This Week’s Column:

SAINT GEORGE AND THE DAMN TRUTH

... a MobyLives guest column

by John Reed


Last week a notebook in which George Orwell kept a list of acquaintences he suspected of being communists—a list he eventually gave to a friend in the British government—went on display in London. MobyLives took the occasion to ask Orwell critic John Reed to comment.

10 November 2003 — To look at the history of the Saints, the question quickly arises—how many people must die in your name before you're canonized?

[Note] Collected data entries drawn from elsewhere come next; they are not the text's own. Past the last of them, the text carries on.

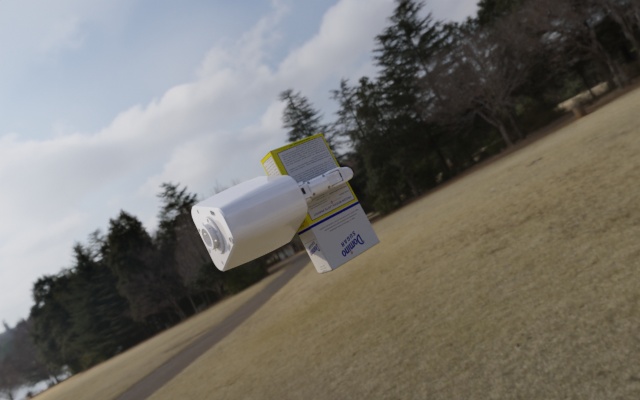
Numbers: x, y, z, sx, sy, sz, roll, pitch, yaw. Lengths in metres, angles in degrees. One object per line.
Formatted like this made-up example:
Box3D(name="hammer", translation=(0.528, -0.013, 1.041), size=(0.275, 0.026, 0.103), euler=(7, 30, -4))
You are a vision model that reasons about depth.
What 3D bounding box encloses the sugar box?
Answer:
Box3D(name="sugar box", translation=(0.000, 0.002, 0.655), size=(0.093, 0.176, 0.048), euler=(-25, -1, -33))
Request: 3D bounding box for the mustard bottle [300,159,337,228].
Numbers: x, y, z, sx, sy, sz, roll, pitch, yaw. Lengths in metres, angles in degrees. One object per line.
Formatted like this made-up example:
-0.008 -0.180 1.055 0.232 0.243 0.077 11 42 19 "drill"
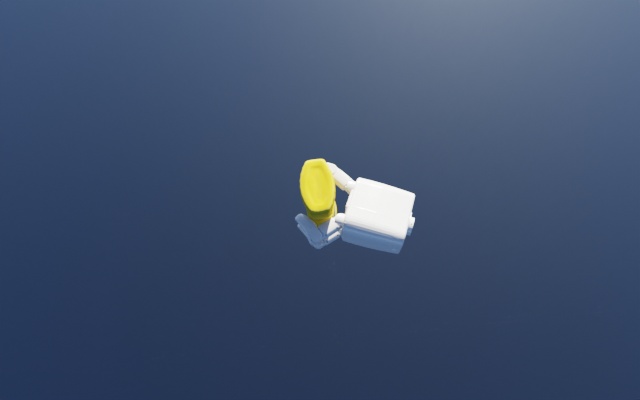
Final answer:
0.000 0.003 0.861 0.058 0.096 0.192 -8 -17 1 "mustard bottle"
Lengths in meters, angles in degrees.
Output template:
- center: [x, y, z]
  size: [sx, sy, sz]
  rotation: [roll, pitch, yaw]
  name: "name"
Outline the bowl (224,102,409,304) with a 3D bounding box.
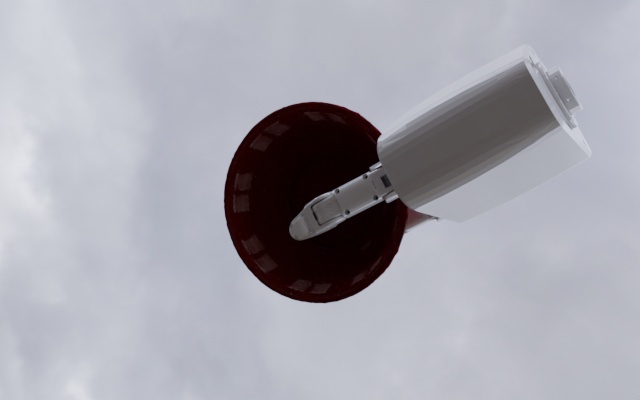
- center: [-0.001, 0.002, 0.405]
  size: [0.162, 0.162, 0.055]
  rotation: [0, 2, 23]
  name: "bowl"
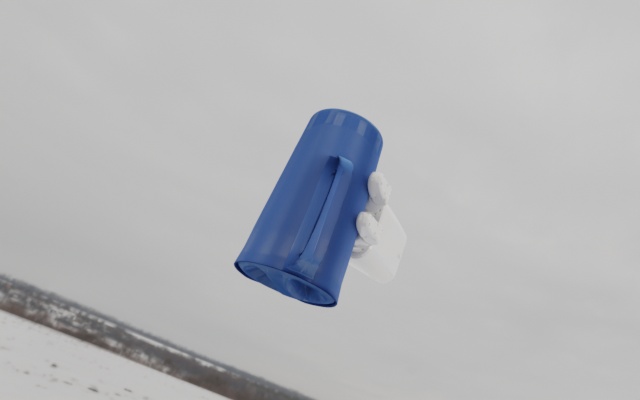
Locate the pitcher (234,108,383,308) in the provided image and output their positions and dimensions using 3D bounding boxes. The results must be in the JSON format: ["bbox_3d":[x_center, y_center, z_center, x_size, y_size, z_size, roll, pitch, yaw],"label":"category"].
[{"bbox_3d":[0.000,0.002,0.609,0.149,0.242,0.145,6,-27,34],"label":"pitcher"}]
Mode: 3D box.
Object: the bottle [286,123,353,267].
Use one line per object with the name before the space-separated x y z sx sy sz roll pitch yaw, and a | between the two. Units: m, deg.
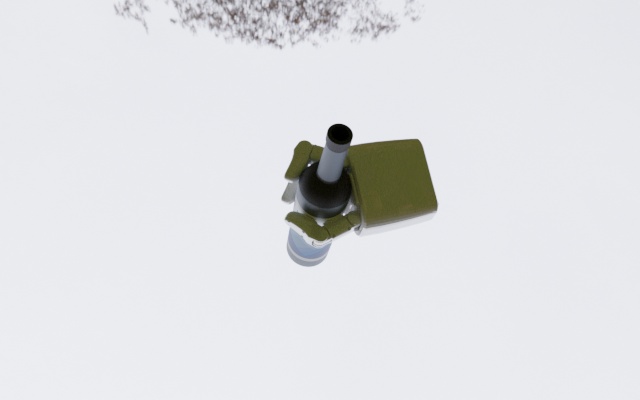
bottle | 0.000 0.002 0.617 0.069 0.069 0.296 0 -29 -9
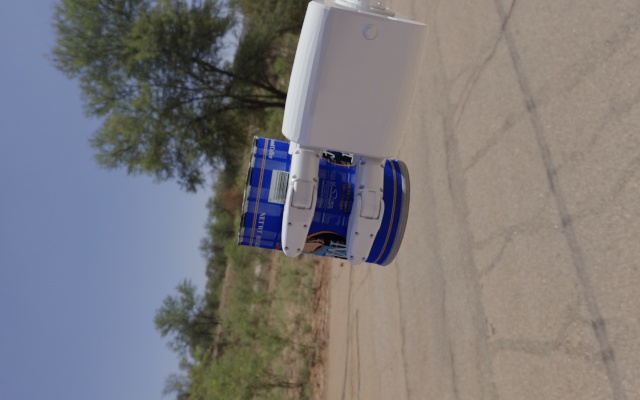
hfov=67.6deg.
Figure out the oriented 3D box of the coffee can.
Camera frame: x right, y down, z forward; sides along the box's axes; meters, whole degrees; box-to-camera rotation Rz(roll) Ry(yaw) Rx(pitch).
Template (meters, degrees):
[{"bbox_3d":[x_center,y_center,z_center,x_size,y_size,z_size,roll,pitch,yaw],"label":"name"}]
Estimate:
[{"bbox_3d":[0.000,0.002,0.448,0.140,0.103,0.103,9,-1,-8],"label":"coffee can"}]
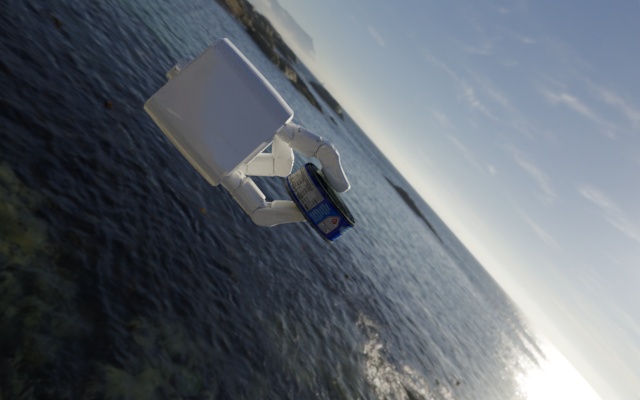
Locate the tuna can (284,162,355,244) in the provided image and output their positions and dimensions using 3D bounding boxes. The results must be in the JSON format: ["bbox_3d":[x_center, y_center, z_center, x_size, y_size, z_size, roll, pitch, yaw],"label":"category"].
[{"bbox_3d":[0.001,0.001,0.509,0.034,0.086,0.086,-36,-6,8],"label":"tuna can"}]
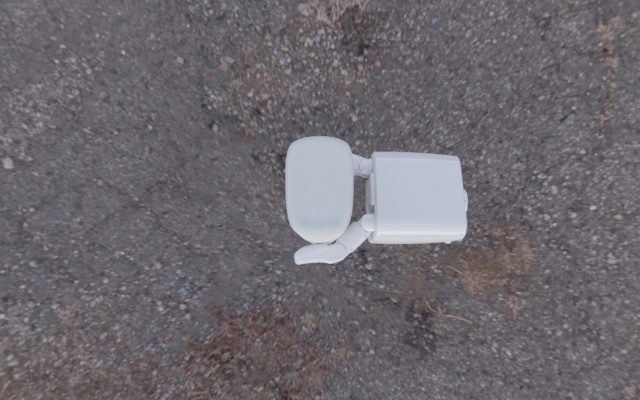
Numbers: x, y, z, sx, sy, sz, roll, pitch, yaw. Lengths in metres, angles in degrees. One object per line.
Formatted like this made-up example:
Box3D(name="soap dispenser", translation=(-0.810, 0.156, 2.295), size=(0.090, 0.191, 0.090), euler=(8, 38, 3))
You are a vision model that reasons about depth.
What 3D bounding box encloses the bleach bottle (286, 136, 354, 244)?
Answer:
Box3D(name="bleach bottle", translation=(0.000, 0.002, 0.586), size=(0.068, 0.102, 0.251), euler=(0, -7, 1))
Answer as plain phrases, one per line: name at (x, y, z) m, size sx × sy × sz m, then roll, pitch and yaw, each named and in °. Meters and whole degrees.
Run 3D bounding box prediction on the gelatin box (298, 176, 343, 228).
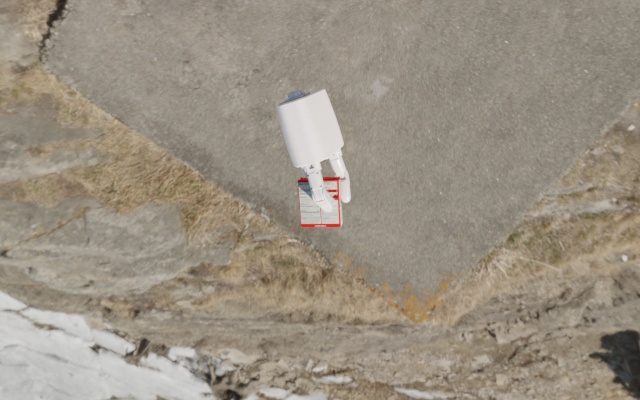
gelatin box at (0.000, 0.003, 0.846) m, size 0.073 × 0.089 × 0.030 m, roll -1°, pitch 14°, yaw 10°
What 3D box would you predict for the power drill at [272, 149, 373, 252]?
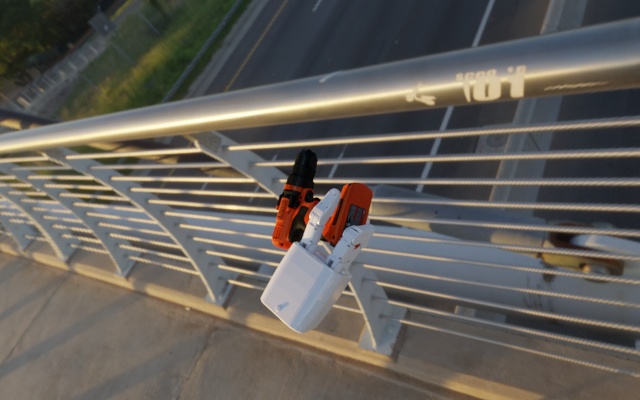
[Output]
[{"bbox_3d":[0.000,0.003,0.799,0.057,0.184,0.187,18,-6,-38],"label":"power drill"}]
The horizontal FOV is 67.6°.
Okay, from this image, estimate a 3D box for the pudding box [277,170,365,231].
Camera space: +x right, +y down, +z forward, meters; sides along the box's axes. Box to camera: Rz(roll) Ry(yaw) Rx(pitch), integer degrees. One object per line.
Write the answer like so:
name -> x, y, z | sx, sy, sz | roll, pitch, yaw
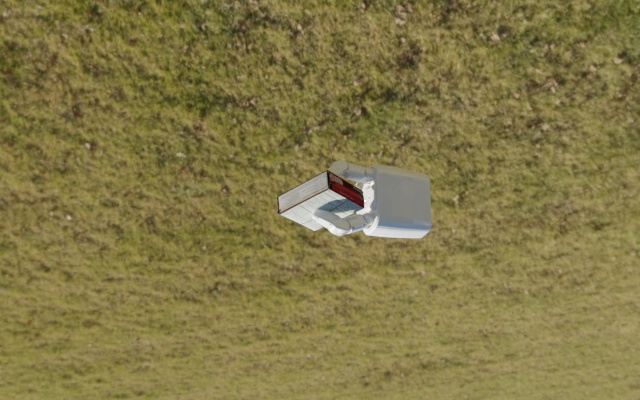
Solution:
pudding box -> 0.000, 0.003, 0.765 | 0.113, 0.039, 0.090 | -28, -39, 32
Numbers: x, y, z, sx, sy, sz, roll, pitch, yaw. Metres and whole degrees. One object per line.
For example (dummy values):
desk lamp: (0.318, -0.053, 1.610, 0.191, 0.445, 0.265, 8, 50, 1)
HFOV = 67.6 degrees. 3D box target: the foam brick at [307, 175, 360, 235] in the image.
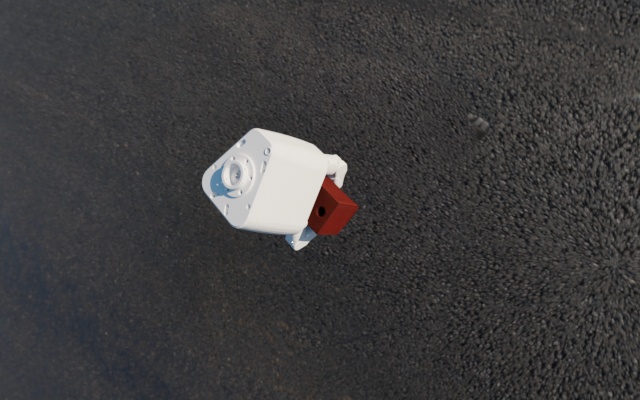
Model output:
foam brick: (0.000, 0.002, 0.632, 0.078, 0.053, 0.051, 45, 20, 28)
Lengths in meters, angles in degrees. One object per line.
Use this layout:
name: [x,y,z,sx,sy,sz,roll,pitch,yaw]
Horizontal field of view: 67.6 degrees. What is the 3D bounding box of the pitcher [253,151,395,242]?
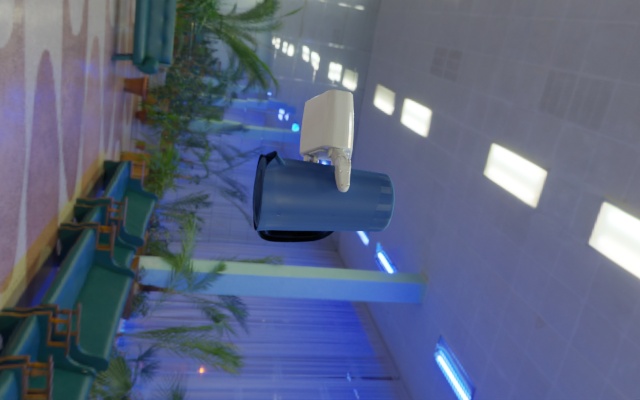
pitcher: [0.000,0.003,0.855,0.243,0.145,0.149,5,-9,-14]
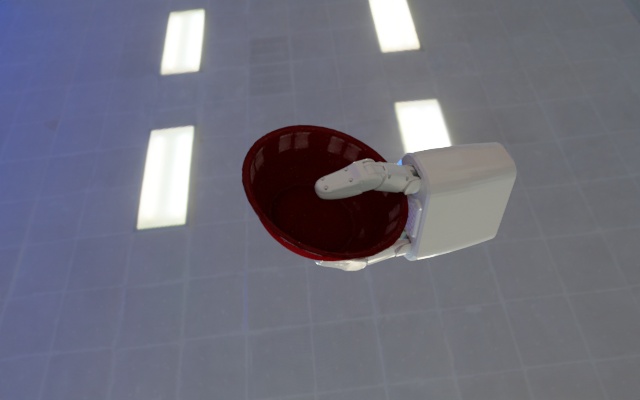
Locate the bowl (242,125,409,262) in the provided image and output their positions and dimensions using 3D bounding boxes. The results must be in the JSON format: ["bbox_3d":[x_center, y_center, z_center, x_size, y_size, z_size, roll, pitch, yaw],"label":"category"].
[{"bbox_3d":[-0.001,0.002,0.462,0.162,0.162,0.055,0,-38,-22],"label":"bowl"}]
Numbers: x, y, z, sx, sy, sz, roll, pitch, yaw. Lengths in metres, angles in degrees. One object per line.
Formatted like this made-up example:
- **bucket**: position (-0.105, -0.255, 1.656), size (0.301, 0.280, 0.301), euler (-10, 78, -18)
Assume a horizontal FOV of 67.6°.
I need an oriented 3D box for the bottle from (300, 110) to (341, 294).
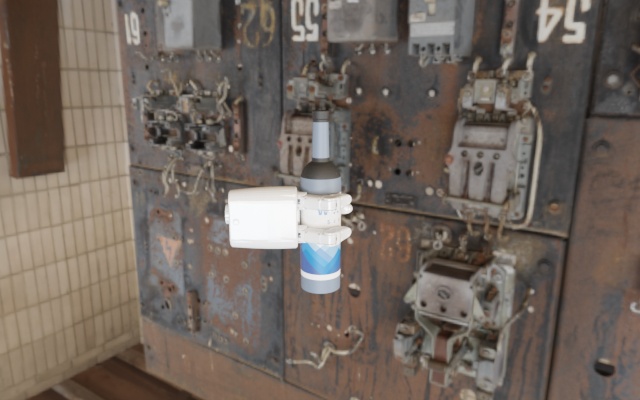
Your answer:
- **bottle**: position (0.000, 0.003, 0.779), size (0.069, 0.296, 0.069), euler (0, 14, 0)
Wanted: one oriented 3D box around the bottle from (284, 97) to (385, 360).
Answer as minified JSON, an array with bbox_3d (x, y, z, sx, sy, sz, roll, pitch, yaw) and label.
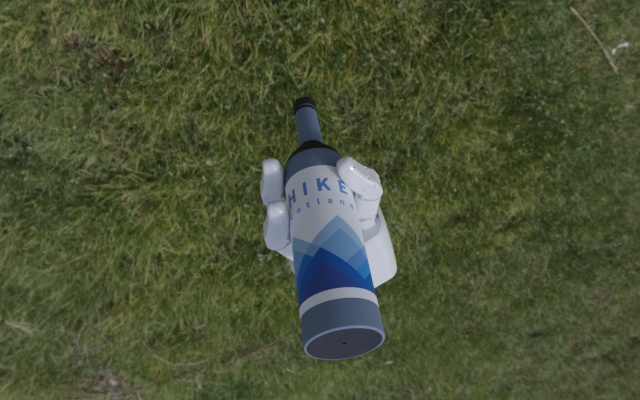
[{"bbox_3d":[0.000,0.002,0.473,0.069,0.295,0.069,-6,-38,-5],"label":"bottle"}]
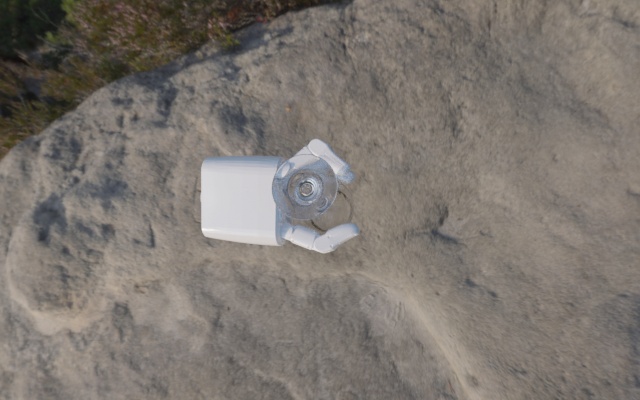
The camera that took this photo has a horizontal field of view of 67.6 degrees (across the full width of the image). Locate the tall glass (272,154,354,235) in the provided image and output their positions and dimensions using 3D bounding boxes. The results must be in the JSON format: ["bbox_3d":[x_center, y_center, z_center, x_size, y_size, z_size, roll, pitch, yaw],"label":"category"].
[{"bbox_3d":[0.000,0.002,0.617,0.079,0.079,0.201,0,-10,11],"label":"tall glass"}]
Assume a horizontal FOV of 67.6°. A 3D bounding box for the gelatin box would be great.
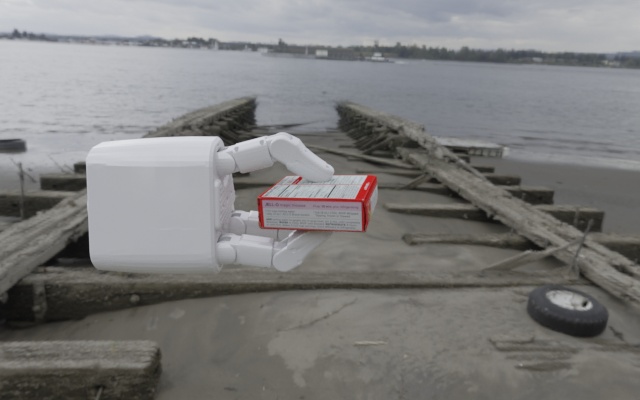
[{"bbox_3d":[0.000,0.001,0.404,0.089,0.030,0.073,0,17,14],"label":"gelatin box"}]

On this centennial year of his birth, George Orwell—who coined the term Cold War, and remains our faithful Cold War pedagogue after nearly sixty years—has apparently amassed the sufficient number. Virtue, in the hands of religionists, will often turn to vice. And in a time when political discussion has taken on fanatical polarity, Orwell, who despite his flaws sought to be reasonable, can be consistently located in the temples of intransigence. He is the champion of Trotskyite perpetual warriors, militant right–to–lifers, and fiercely defensive gun–toters.

Few would assert that Orwell the man is personally guilty of all the obtuseness that he is invoked to vindicate. Equally untenable is the position that Orwell was not responsible for his life and work. He did things, he wrote things, that can't be explained away as objects of misinterpretation.

From the New Yorker's Louis Menand, you won't find out what those things are. Despite his lengthy article of 1/27/03, Menand will not tell you—will not even mention—that Orwell penned a list of 35 names for the IRD, or Information Research Department (which was overseen by the British Secret Intelligence Service, or MI6), and that the degree to which those artists and writers were damaged by Orwell is still undisclosed.

Christopher Hitchens, the Grand Poobah of the cult of Orwell, demonstrates a similar inability to exercise what Orwell called "the power of facing." His general formula, on questions concerning Beastly George, is to concede any minor point—such as whether or not Orwell hit so–and–so with a walking stick, or Orwell's small mindedness on the metric system—but to outright dismiss any major point. Rival intellectuals are fools and liars.

When cornered, Hitchens will reiterate the age–old excuse—that Orwell was always trying to be right, even when he was wrong, and is therefore worthy of praise in any circumstance. One would think that after Hitchens' own attack on Mother Teresa, he would be immune to this Saint/Greatness argument, but it is the thesis of his aptly titled "Orwell's Victory" (a reference to Orwell's Cold War investment). Like Menand, Hitchens will spare no effort to contort himself into an omissionary position.

The Orwell canonization will grant you such tidbits as—Orwell had some unresolved sexual issues, didn't do too well with women, thought poor people smelled, didn't really live down and out all that often, dramatized his journalism, and never entirely escaped his colonialist upbringing.

It won't tell you that "Animal Farm" was very likely cribbed from "The Animal Riot," a story by a Russian historian, Nikolai Kostomorav, published in 1917. It won't tell you about Orwell's IRD snitch list, except to say Orwell enjoyed writing lists, like grocery lists, and playing games, like Scrabble. It won't talk about the content of Orwell's writing, much of which is so outdated as to hold appeal for none but the atavistic. "Shooting An Elephant," "Down and Out in Paris and London," "The Road to Wigan Pier"—the closer you look, the worse it is. And it's not just the colonialism, but the anti–Semitism, the sexism, the homophobia, the racism, the classism, and a Papal attitude to human reproduction.

Certainly, you won't find the idea that Orwell was a political opportunist. Yes, Orwell was always reassessing himself. Yes, in his essay "Why I Write," the number one reason was "Sheer Egoism." Yes, there were the flip–flops, such as Orwell's sudden turn–around on Hitler (against, laudably). But no, Orwell never considered personal consequence. He was just a bumbling Englishman who, in the end, was always right—and that he was always right had nothing to do with the fact that he'd switch teams if his was losing.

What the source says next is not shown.